Below is a minimal template. Replace the label logic with your study definition.

In [None]:
# --- Example label definition (placeholder) ---
# You MUST adjust this to match your manuscript definitions.
def define_example_labels(U: gpd.GeoDataFrame) -> gpd.GeoDataFrame:
    """Example only: define a binary label from Cu and/or Mo columns if present."""
    out = U.copy()
    # Try common Cu/Mo names
    cu_col = next((c for c in out.columns if c.lower() in ['cu_ppm','cu','copper_ppm','cu_ppb']), None)
    mo_col = next((c for c in out.columns if c.lower() in ['mo_ppm','mo','molybdenum_ppm','mo_ppb']), None)

    if cu_col is None and mo_col is None:
        raise RuntimeError('Could not find Cu/Mo columns.
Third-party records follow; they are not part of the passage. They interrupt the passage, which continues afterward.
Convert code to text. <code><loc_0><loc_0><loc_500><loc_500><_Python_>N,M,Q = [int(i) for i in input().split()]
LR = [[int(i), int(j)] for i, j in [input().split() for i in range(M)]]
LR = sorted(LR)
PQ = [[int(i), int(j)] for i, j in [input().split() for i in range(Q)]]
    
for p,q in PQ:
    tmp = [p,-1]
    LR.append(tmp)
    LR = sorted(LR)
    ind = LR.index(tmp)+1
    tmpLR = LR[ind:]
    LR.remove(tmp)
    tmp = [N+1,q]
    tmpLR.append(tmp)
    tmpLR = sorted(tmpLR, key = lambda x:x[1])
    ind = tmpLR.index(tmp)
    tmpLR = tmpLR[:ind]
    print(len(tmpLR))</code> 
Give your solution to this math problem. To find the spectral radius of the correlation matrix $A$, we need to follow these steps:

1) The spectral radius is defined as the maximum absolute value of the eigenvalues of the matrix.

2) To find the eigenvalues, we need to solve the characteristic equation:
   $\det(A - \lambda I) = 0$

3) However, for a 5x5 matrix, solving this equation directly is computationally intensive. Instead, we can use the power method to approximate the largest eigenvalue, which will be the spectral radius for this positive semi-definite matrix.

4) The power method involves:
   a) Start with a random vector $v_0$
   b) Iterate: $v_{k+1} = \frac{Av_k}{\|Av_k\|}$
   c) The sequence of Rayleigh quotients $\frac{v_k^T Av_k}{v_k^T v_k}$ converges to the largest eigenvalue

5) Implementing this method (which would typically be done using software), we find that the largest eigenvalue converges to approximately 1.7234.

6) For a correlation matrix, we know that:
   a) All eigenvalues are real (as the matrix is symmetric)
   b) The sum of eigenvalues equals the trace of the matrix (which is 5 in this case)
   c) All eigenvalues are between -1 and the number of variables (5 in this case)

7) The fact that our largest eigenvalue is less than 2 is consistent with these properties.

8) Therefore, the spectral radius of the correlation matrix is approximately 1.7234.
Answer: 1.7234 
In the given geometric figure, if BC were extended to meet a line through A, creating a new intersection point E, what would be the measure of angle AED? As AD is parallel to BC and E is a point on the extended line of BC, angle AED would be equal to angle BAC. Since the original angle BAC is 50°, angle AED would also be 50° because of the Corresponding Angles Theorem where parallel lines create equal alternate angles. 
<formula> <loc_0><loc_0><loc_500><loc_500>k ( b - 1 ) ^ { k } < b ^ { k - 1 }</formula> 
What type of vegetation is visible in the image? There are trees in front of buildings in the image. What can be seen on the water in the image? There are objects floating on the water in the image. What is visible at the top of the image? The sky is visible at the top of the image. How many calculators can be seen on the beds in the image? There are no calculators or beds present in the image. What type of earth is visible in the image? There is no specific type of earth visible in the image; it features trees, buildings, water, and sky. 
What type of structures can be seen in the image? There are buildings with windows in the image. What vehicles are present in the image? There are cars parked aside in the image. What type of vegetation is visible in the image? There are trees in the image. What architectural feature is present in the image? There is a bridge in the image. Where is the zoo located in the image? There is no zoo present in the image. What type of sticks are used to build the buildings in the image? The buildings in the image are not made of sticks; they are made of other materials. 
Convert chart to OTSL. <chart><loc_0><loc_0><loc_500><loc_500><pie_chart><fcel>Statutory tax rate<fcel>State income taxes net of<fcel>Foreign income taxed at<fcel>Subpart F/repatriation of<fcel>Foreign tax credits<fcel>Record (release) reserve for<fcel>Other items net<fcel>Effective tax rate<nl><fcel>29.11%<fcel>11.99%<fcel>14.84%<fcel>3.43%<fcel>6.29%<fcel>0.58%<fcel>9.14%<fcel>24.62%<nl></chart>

Please edit label definition.')

    # Simple threshold as an example (not your real science)
    if cu_col is not None:
        cu = pd.to_numeric(out[cu_col], errors='coerce')
    else:
        cu = pd.Series(np.nan, index=out.index)

    if mo_col is not None:
        mo = pd.to_numeric(out[mo_col], errors='coerce')
    else:
        mo = pd.Series(np.nan, index=out.index)

    out['y_anom'] = ((cu > np.nanpercentile(cu, 95)) | (mo > np.nanpercentile(mo, 95))).astype(int)
    return out

# --- Example feature sets ---
def guess_baseline_features(U: gpd.GeoDataFrame) -> List[str]:
    """Heuristic feature selection: geochem numeric columns + distances."""
    dist_cols = [c for c in U.columns if c.startswith('dist_to_')]
    # include common geochem columns if present
    numeric_cols = [c for c in U.columns if pd.api.types.is_numeric_dtype(U[c])]
    # remove target + identifiers
    drop = set(['y_anom'])
    feats = [c for c in numeric_cols if c not in drop]
    # prioritize dist features + numeric; user can edit
    return sorted(set(dist_cols + feats))

# --- Run template ---
# out = run_pipeline(CONFIG)
# U = out['sites']
# U = define_example_labels(U)

# (Optional) add priors
# U, models = add_knowledge_priors(U, CONFIG)

# group column for spatial CV: you should define bins / blocks; here's a simple example using x_bin/y_bin coarsening
# U['cv_block'] = (round_series(U['x_bin'].values, 500.0).astype(int).astype(str) + '_' +
#                  round_series(U['y_bin'].values, 500.0).astype(int).astype(str))

# feats_base = guess_baseline_features(U)
# scores_base = spatial_cv_scores(U, y_col='y_anom', group_col='cv_block', feature_cols=feats_base, n_splits=CONFIG['n_splits'], top_frac=CONFIG['top_frac_eval'])
# print('Baseline:', scores_base)

# feats_nsai = feats_base + ['prior_sim_max','prior_sim_top10_mean']
# scores_nsai = spatial_cv_scores(U, y_col='y_anom', group_col='cv_block', feature_cols=feats_nsai, n_splits=CONFIG['n_splits'], top_frac=CONFIG['top_frac_eval'])
# print('NSAI:', scores_nsai)

## Notes for GitHub

- Put large data (CSV, shapefiles, JSON models) in `data/` **but add to `.gitignore`**.
- Put API keys in environment variables (never in notebook output).
- Commit the refactored notebook + README.